По краям движущейся массы сновали другие фагоры. Животные не обращали на них никакого внимания. Они их просто терпели, как терпели мух, потому что не было возможности избавиться от них.
Топот копыт перемежался тяжелым дыханием, шумным фырканьем, звуками освобождавшихся газов. Впрочем, возник еще один звук. Фагор, идущий во главе небольшой группы, издавал нечто вроде жужжания своим вибрирующим языком. Возможно, он хотел подбодрить тех троих, что шли за ним. Этот звук вселил ужас в Юлия. Затем звук пропал и вместе с ним фагор. Поток животных продолжался, и в этом потоке бесстрашно вышагивали другие фагоры.
Юлий и его отец, затаившись, ждали того часа, когда придется наносить удары, чтобы добыть мяса, в котором они отчаянно нуждались.
Перед закатом солнца снова подул ветер, поднявшийся, как и прежде, с покрытых снегом вершин Перевала, прямо в морды движущихся животных. Фагоры шли, наклонив головы и прищурив глаза. С уголков рта стекала слюна, которая, мгновенно застыв, ложились лохмотьями на их груди.
Небо было свинцовым. Вутра, бог неба, убрал свои световые мантии, и его царство покрылось мраком. Пожалуй, он выиграл еще одну битву.
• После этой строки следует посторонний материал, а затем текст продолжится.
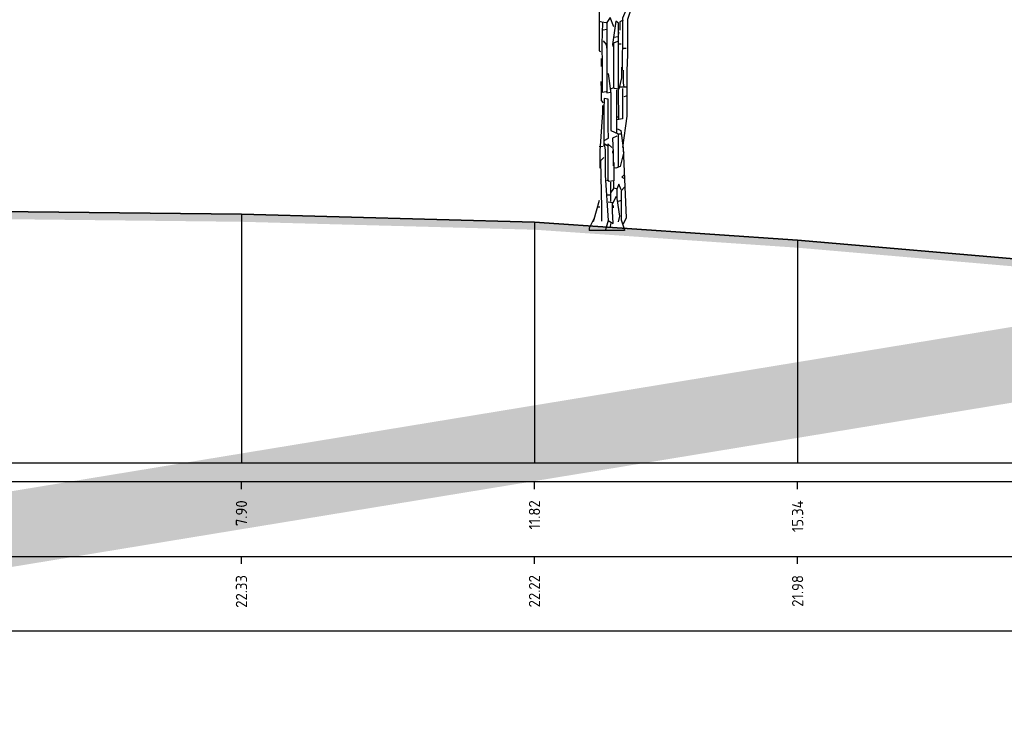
# Model space of a CAD drawing. Header units: metres. Extents: x 173015 to 189682, y 346605 to 348504.
# Tile 88 of 212: x 188890 to 188903, y 347994 to 348004. Entities that reach past the tile are written whole.
import ezdxf
from ezdxf.enums import TextEntityAlignment as Align

# ---------------------------------------------------------------- set-up
doc = ezdxf.new("R2010")
doc.units = ezdxf.units.M
doc.header["$PDMODE"] = 35
doc.header["$PDSIZE"] = 0.075
for name, color, linetype, lineweight in [('B-ME-GR-BOOM-SD', 252, 'Continuous', 25), ('X-ME-AL-PROFIEL_HUIDIG MAAIVELD-GD', 252, 'Continuous', 0), ('X-XX-AL-DETAIL1-M-B', 252, 'Continuous', 18), ('X-XX-AL-DWARSPROFIEL_PROFIELLIJN MAAIVELD-GD', 8, 'Continuous', 35), ('X-XX-AL-HULPGEOMETRIE-G', 50, 'Continuous', 25)]:
    doc.layers.add(name, color=color, linetype=linetype, lineweight=lineweight)
doc.layers.add('X-ME-AL-PROFIELRASTER-S', color=7, linetype='Continuous')
doc.styles.add('NLCS-ISO-ANNOTATIVE-T18', font='NLCS-ISO.ttf', dxfattribs={"height": 1.8})
doc.styles.add('NLCS-ISO-M100-T25', font='NLCS-ISO.ttf', dxfattribs={"height": 0.25})
doc.dimstyles.new('NLCS-M100-T25-PIJL_L3_H2', dxfattribs={"dimscale": 0.1, "dimtxt": 2.5, "dimasz": 2.5, "dimexe": 2, "dimexo": 2, "dimgap": 0.7, "dimtad": 1, "dimdec": 3, "dimzin": 0, "dimdsep": 46, "dimtxsty": 'NLCS-ISO-M100-T25', "dimcen": 0, "dimdle": 2, "dimclrd": 256, "dimclre": 256, "dimclrt": 256, "dimazin": 0, "dimtfac": 1, "dimtdec": 3, "dimtofl": 0, "dimtmove": 0, "dimatfit": 3, "dimfxl": 2, "dimfxlon": 1, "dimtfillclr": 256, "dimtolj": 1, "dimtzin": 0, "dimlwd": -1, "dimlwe": -1, "dimarcsym": 0})

# ---------------------------------------------------------------- blocks, each defined once
blk = doc.blocks.new('SAL-PROFIELRASTER_BALK_EIND1-SOD')
at = {"color": 0, "linetype": 'ByBlock', "lineweight": -2, "flags": 128}
for points in [[(0, 0), (1, 0)], [(0, -2.5), (1, -2.5)], [(0, -12.5), (1, -12.5)]]:
    blk.add_lwpolyline(points, dxfattribs=at)
blk = doc.blocks.new('SAL-PROFIELRASTER_BALK_EIND2-SOD')
at = {"color": 0, "linetype": 'ByBlock', "lineweight": -2}
blk.add_line((1, -12.5), (0, -12.5), dxfattribs=at)
blk = doc.blocks.new('SAL-PROFIELRASTER_BALK_DATA-SOD')
at = {"color": 0, "linetype": 'ByBlock', "lineweight": -2}
blk.add_lwpolyline([(0, -3.5), (0, -2.5)], dxfattribs=at)
at = {"color": 0, "linetype": 'ByBlock', "lineweight": -2, "style": 'NLCS-ISO-ANNOTATIVE-T18'}
blk.add_attdef('GETAL', text='', height=1.5, rotation=90, dxfattribs=at).set_placement((0.75, -5), align=Align.RIGHT)
blk = doc.blocks.new('*D78')
at = {"layer": 'Defpoints', "color": 0, "transparency": 16777216}
for p in [(188884.611, 348012.269), (188884.611, 347996.258), (188897.441, 347996.258)]:
    blk.add_point(p, dxfattribs=at)
at = {"layer": 'X-XX-AL-DETAIL1-M-B', "transparency": 16777216}
for p, q in [((188884.611, 348012.069), (188884.611, 348012.469)), ((188897.441, 348012.069), (188897.441, 348012.469)), ((188897.191, 348012.269), (188884.861, 348012.269))]:
    blk.add_line(p, q, dxfattribs=at)
for points in [[(188884.861, 348012.311), (188884.861, 348012.227), (188884.611, 348012.269)], [(188897.191, 348012.311), (188897.191, 348012.227), (188897.441, 348012.269)]]:
    blk.add_solid(points, dxfattribs=at)
at = {"layer": 'X-XX-AL-DETAIL1-M-B', "transparency": 16777216, "insert": (188891.026, 348012.501), "char_height": 0.25, "attachment_point": 5, "style": 'NLCS-ISO-M100-T25'}
blk.add_mtext('\\A1;Ruigte', dxfattribs=at)
blk = doc.blocks.new('*D79')
at = {"layer": 'Defpoints', "color": 0, "transparency": 16777216}
for p in [(188897.441, 348012.269), (188897.441, 347996.258), (188915.101, 347996.258)]:
    blk.add_point(p, dxfattribs=at)
at = {"layer": 'X-XX-AL-DETAIL1-M-B', "transparency": 16777216}
for p, q in [((188897.441, 348012.069), (188897.441, 348012.469)), ((188915.101, 348012.069), (188915.101, 348012.469)), ((188914.851, 348012.269), (188897.691, 348012.269))]:
    blk.add_line(p, q, dxfattribs=at)
for points in [[(188897.691, 348012.311), (188897.691, 348012.227), (188897.441, 348012.269)], [(188914.851, 348012.311), (188914.851, 348012.227), (188915.101, 348012.269)]]:
    blk.add_solid(points, dxfattribs=at)
at = {"layer": 'X-XX-AL-DETAIL1-M-B', "transparency": 16777216, "insert": (188906.271, 348012.464), "char_height": 0.25, "attachment_point": 5, "style": 'NLCS-ISO-M100-T25'}
blk.add_mtext('\\A1;Bos', dxfattribs=at)
blk = doc.blocks.new('SGR-BOOM_S02_D_ZIJ-D')
at = {"flags": 128}
for points in [[(-0.164, 4.254), (-0.153, 3.876), (-0.153, 3.523), (-0.101, 3.447), (-0.088, 3.498), (-0.088, 3.615), (-0.13, 3.573), (-0.13, 3.22), (-0.084, 2.951), (-0.084, 2.396), (-0.067, 2.388)], [(0.656, 3.901), (0.664, 3.851), (0.504, 3.741), (0.462, 3.464), (0.462, 3.338), (0.294, 2.817), (0.294, 2.346), (0.282, 2.127), (0.282, 1.522), (0.227, 1.101)], [(0.277, 3.035), (0.286, 2.968), (0.227, 2.833), (0.227, 2.472), (0.223, 2.337), (0.223, 2.136), (0.21, 2.136)], [(-0.084, 2.791), (-0.05, 2.783), (0.008, 2.775)], [(-0.042, 2.775), (-0.05, 2.489), (-0.046, 2.186), (-0.046, 1.841), (0.008, 1.85)], [(0.109, 2.716), (0.059, 2.842), (0.017, 2.775), (0.017, 2.396), (0.017, 1.925), (0.017, 1.833), (0.067, 1.841)], [(0.177, 1.48), (0.172, 1.867), (0.172, 2.766), (0.135, 2.791), (0.092, 2.48), (0.101, 2.455)], [(0.235, 2.808), (0.189, 2.783), (0.189, 2.674)], [(0.017, 2.682), (-0.034, 2.674)], [(0.177, 2.64), (0.168, 2.606)], [(-0.034, 2.531), (0.008, 2.48), (0.017, 2.413)], [(0.16, 2.522), (0.105, 2.497), (0.107, 2.245), (0.107, 1.9), (0.067, 1.883)], [(0.168, 2.581), (0.109, 2.573)], [(0.177, 2.489), (0.21, 2.489)], [(0.235, 2.43), (0.277, 2.43)], [(-0.059, 2.295), (-0.059, 2.186)], [(0.214, 2.178), (0.214, 2.035), (0.177, 1.883), (0.118, 1.892), (0.109, 1.9)], [(0.235, 2.136), (0.235, 1.967), (0.244, 1.909)], [(-0.063, 1.984), (-0.061, 1.875), (-0.061, 1.732), (-0.034, 1.698)], [(0.034, 2.094), (0.071, 1.824), (0.071, 1.328), (0.168, 1.286), (0.168, 0.841)], [(0.147, 1.875), (0.145, 1.438), (0.145, 1.303)], [(0.227, 1.892), (0.227, 1.732), (0.227, 1.488), (0.151, 1.471)], [(0.277, 1.909), (0.193, 1.909)], [(-0.017, 1.194), (0.038, 1.228), (0.036, 1.37), (0.036, 1.749), (-0.021, 1.757), (-0.023, 1.614), (-0.023, 1.16), (-0.025, 1.127)], [(0.277, 1.791), (0.244, 1.782)], [(-0.042, 1.665), (-0.042, 1.572), (-0.076, 1.059), (-0.076, 0.824)], [(0.143, 1.513), (0.177, 1.513)], [(0.16, 1.354), (0.202, 1.328), (0.235, 1.093), (0.277, 0.16), (0.235, 0.076)], [(0.151, 1.253), (0.092, 1.228), (0.101, 1.026), (0.101, 0.858)], [(0.16, 1.286), (0.202, 1.286)], [(-0.034, 1.118), (-0.084, 1.11)], [(0.025, 1.127), (-0.021, 1.152), (-0.006, 1.068), (-0.006, 0.731), (0.034, 0.126), (0, 0)], [(0.084, 1.101), (0.029, 1.152), (0.032, 1.068), (0.032, 0.664), (0.017, 0.656)], [(0.092, 1.059), (0.092, 1.026)], [(-0.025, 0.967), (-0.067, 0.925), (-0.055, 0.294), (-0.055, 0.118)], [(0.244, 1.043), (0.193, 0.849), (0.135, 0.824), (0.118, 0.832)], [(0.109, 0.9), (0.109, 0.656), (0.05, 0.647), (0.034, 0.664)], [(-0.063, 0.782), (-0.063, 0.681), (-0.067, 0.673)], [(0.252, 0.74), (0.219, 0.706), (0.252, 0.689)], [(0.105, 0.647), (0.105, 0.555), (0.067, 0.496)], [(0.067, 0.639), (0.067, 0.378)], [(0.109, 0.563), (0.143, 0.555)], [(0.21, 0.538), (0.177, 0.614), (0.151, 0.547), (0.151, 0.42), (0.185, 0.185), (0.168, 0.109)], [(0.252, 0.572), (0.21, 0.521), (0.21, 0.135), (0.252, 0), (0.252, -0.008)], [(-0.084, 0.395), (-0.168, 0.109)], [(0.025, 0.471), (0.059, 0.471)], [(0.143, 0.446), (0.092, 0.353)], [(0.21, 0.395), (0.168, 0.378)], [(-0.109, 0.311), (-0.076, 0.311)], [(0.034, 0.126), (0.101, 0.084), (0.092, 0.252), (0.092, 0.362), (0.034, 0.37)], [(0.101, 0.328), (0.101, 0.294)], [(-0.143, 0.177), (-0.219, 0.025)], [(0.067, 0.084), (0.059, 0.034)]]:
    blk.add_lwpolyline(points, dxfattribs=at)
at = {"ltscale": 0.1, "flags": 128}
for points in [[(-0.219, 0.025), (-0.219, -0.008)], [(0.252, -0.008), (-0.219, -0.008)]]:
    blk.add_lwpolyline(points, dxfattribs=at)

msp = doc.modelspace()

# ---------------------------------------------------------------- hatches: boundary and pattern name
at = {"layer": 'X-ME-AL-PROFIEL_HUIDIG MAAIVELD-GD'}
h = msp.add_hatch(dxfattribs=at)
h.set_pattern_fill('AGR-MAAIVELD', color=256, scale=0.05, pattern_type=2)
h.set_pattern_definition([(45, (0, -4.36256), (-0.25000007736, 0.25000007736), []), (45, (-0.0357, -4.32685), (0, 0.50000015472), [0.3535535, -0.3535535]), (45, (-0.07143, -4.29113), (0, 0.50000015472), [0.3535535, -0.3535535]), (45, (-0.10764, -4.25492), (0, 0.50000015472), [0.3535535, -0.3535535]), (45, (-0.14286, -4.2197), (0, 0.50000015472), [0.3535535, -0.3535535]), (45, (-0.17857, -4.184), (0, 0.50000015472), [0.3535535, -0.3535535]), (45, (-0.2143, -4.14828), (0, 0.50000015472), [0.3535535, -0.3535535]), (315, (0, -4.36256), (0.25000007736, 0.25000007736), []), (315, (0.0357, -4.32685), (0.50000015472, -1e-16), [0.3535535, -0.3535535]), (315, (0.07143, -4.29113), (0.50000015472, -1e-16), [0.3535535, -0.3535535]), (315, (0.10764, -4.25492), (0.50000015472, -1e-16), [0.3535535, -0.3535535]), (315, (0.14286, -4.2197), (0.50000015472, -1e-16), [0.3535535, -0.3535535]), (315, (0.17857, -4.184), (0.50000015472, -1e-16), [0.3535535, -0.3535535]), (315, (0.2143, -4.14828), (0.50000015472, -1e-16), [0.3535535, -0.3535535])])
h.paths.add_polyline_path([(188884.6115, 348001.3472), (188884.9759, 348001.3302), (188888.4352, 348001.1192), (188892.5119, 348001.0742), (188896.4313, 348000.9682), (188899.951, 348000.7272), (188903.1568, 348000.4502), (188906.5548, 348000.3282), (188910.4654, 348000.4322), (188914.2533, 348000.5342), (188917.3226, 348000.3892), (188921.5392, 348000.3582), (188925.6774, 348000.2922), (188929.3546, 348000.2212), (188933.7564, 348000.1812), (188937.6608, 348000.1792), (188941.596, 348000.1222), (188944.8877, 348000.1682), (188949.3486, 348000.1452), (188953.2699, 348000.0872), (188955.8719, 348000.2702), (188959.7604, 348000.1382), (188963.4594, 348000.2352), (188966.8086, 348000.3202), (188970.1655, 348000.2322), (188972.4135, 348000.2802), (188977.0749, 348000.1702), (188981.8124, 348000.1812), (188985.9258, 348000.1882), (188990.5428, 348000.2262), (188993.1614, 348000.5162), (188993.1614, 348000.6162), (188990.5428, 348000.3262), (188985.9258, 348000.2882), (188981.8124, 348000.2812), (188977.0749, 348000.2702), (188972.4135, 348000.3802), (188970.1655, 348000.3322), (188966.8086, 348000.4202), (188963.4594, 348000.3352), (188959.7604, 348000.2382), (188955.8719, 348000.3702), (188953.2699, 348000.1872), (188949.3486, 348000.2452), (188944.8877, 348000.2682), (188941.596, 348000.2222), (188937.6608, 348000.2792), (188933.7564, 348000.2812), (188929.3546, 348000.3212), (188925.6774, 348000.3922), (188921.5392, 348000.4582), (188917.3226, 348000.4892), (188914.2533, 348000.6342), (188910.4654, 348000.5322), (188906.5548, 348000.4282), (188903.1568, 348000.5502), (188899.951, 348000.8272), (188896.4313, 348001.0682), (188892.5119, 348001.1742), (188888.4352, 348001.2192), (188884.9759, 348001.4302), (188884.6115, 348001.4472)])

# ---------------------------------------------------------------- linework, layer by layer
at = {"color": 9, "linetype": 'ByBlock', "lineweight": -2}
for p, q in [((188892.5119, 348001.1742), (188892.5119, 347997.8482)), ((188896.4313, 348001.0682), (188896.4313, 347997.8482)), ((188899.951, 348000.8272), (188899.951, 347997.8482))]:
    msp.add_line(p, q, dxfattribs=at)
at = {"layer": 'X-XX-AL-DWARSPROFIEL_PROFIELLIJN MAAIVELD-GD'}
msp.add_lwpolyline([(188884.6115, 348001.4472), (188884.9759, 348001.4302), (188888.4352, 348001.2192), (188892.5119, 348001.1742), (188896.4313, 348001.0682), (188899.951, 348000.8272), (188903.1568, 348000.5502), (188906.5548, 348000.4282), (188910.4654, 348000.5322), (188914.2533, 348000.6342), (188917.3226, 348000.4892), (188921.5392, 348000.4582), (188925.6774, 348000.3922)], dxfattribs=at)
at = {"layer": 'X-XX-AL-HULPGEOMETRIE-G', "const_width": 1}
msp.add_lwpolyline([(188877.2654, 347994.9633), (188999.1896, 348014.9926), (188998.9696, 347994.9633), (188876.8771, 348008.643)], dxfattribs=at)

# ---------------------------------------------------------------- block references
at = {"layer": 'B-ME-GR-BOOM-SD'}
msp.add_blockref('SGR-BOOM_S02_D_ZIJ-D', (188897.3826, 348000.9654), dxfattribs=at)
at = {"layer": 'X-ME-AL-PROFIELRASTER-S', "xscale": 109.7999323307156, "yscale": 0.1, "zscale": 109.7999323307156}
for name, p in [('SAL-PROFIELRASTER_BALK_EIND1-SOD', (188884.6115, 347997.8482)), ('SAL-PROFIELRASTER_BALK_EIND2-SOD', (188884.6115, 347996.8482))]:
    msp.add_blockref(name, p, dxfattribs=at)
at = {"layer": 'X-ME-AL-PROFIELRASTER-S', "xscale": 0.1, "yscale": 0.1, "zscale": 0.1}
for p, values in [((188892.5119, 347997.8482), {'GETAL': '7.90'}), ((188896.4313, 347997.8482), {'GETAL': '11.82'}), ((188899.951, 347997.8482), {'GETAL': '15.34'}), ((188892.5119, 347996.8482), {'GETAL': '22.33'}), ((188896.4313, 347996.8482), {'GETAL': '22.22'}), ((188899.951, 347996.8482), {'GETAL': '21.98'})]:
    msp.add_blockref('SAL-PROFIELRASTER_BALK_DATA-SOD', p, dxfattribs=at).add_auto_attribs(values)

# ---------------------------------------------------------------- dimensions: what is measured, and where the dimension line sits
at = {"layer": 'X-XX-AL-DETAIL1-M-B'}
for base, p1, p2, text, picture, middle in [((188884.6115, 348012.2689), (188897.4415, 347996.2578), (188884.6115, 347996.2578), 'Ruigte', '*D78', (188891.0265, 348012.2689)), ((188897.4415, 348012.2689), (188915.1015, 347996.2578), (188897.4415, 347996.2578), 'Bos', '*D79', (188906.2715, 348012.2689))]:
    dim = msp.add_linear_dim(base=base, p1=p1, p2=p2, text=text, dimstyle='NLCS-M100-T25-PIJL_L3_H2', dxfattribs=at)
    dim.commit()
    dim.dimension.update_dxf_attribs({"geometry": picture, "text_midpoint": middle, "dimtype": 160})

doc.saveas('drawing.dxf')

Фреир показал свой лик сквозь темную завесу только тогда, когда коснулся горизонта. Ватные одеяла облаков сбились в кучу, и показался Фреир, который тлел в золоте золы. Он уверенно сверкал над пустыней — небольшой, но ярко светящийся, хотя диск его был в три раза меньше, чем размер его звезды-спутника Беталикса, тем не менее, свет, исходящий от Фреира, был сильнее, интенсивнее.
Вскоре Фреир погрузился за край земли и исчез.
Наступил сумеречный день, именно такой, какие преобладали зимой и летом. Именно такие дни отличали эти времена года от более жестоких сезонов. Небо было залито полусветом. Только в канун нового года Фреир и Беталикс вместе поднимались и вместе садились. А сейчас они вели одинокий образ жизни, часто скрываясь за облаками, этим клубящимся дымом войны, которую постоянно вел Вутра.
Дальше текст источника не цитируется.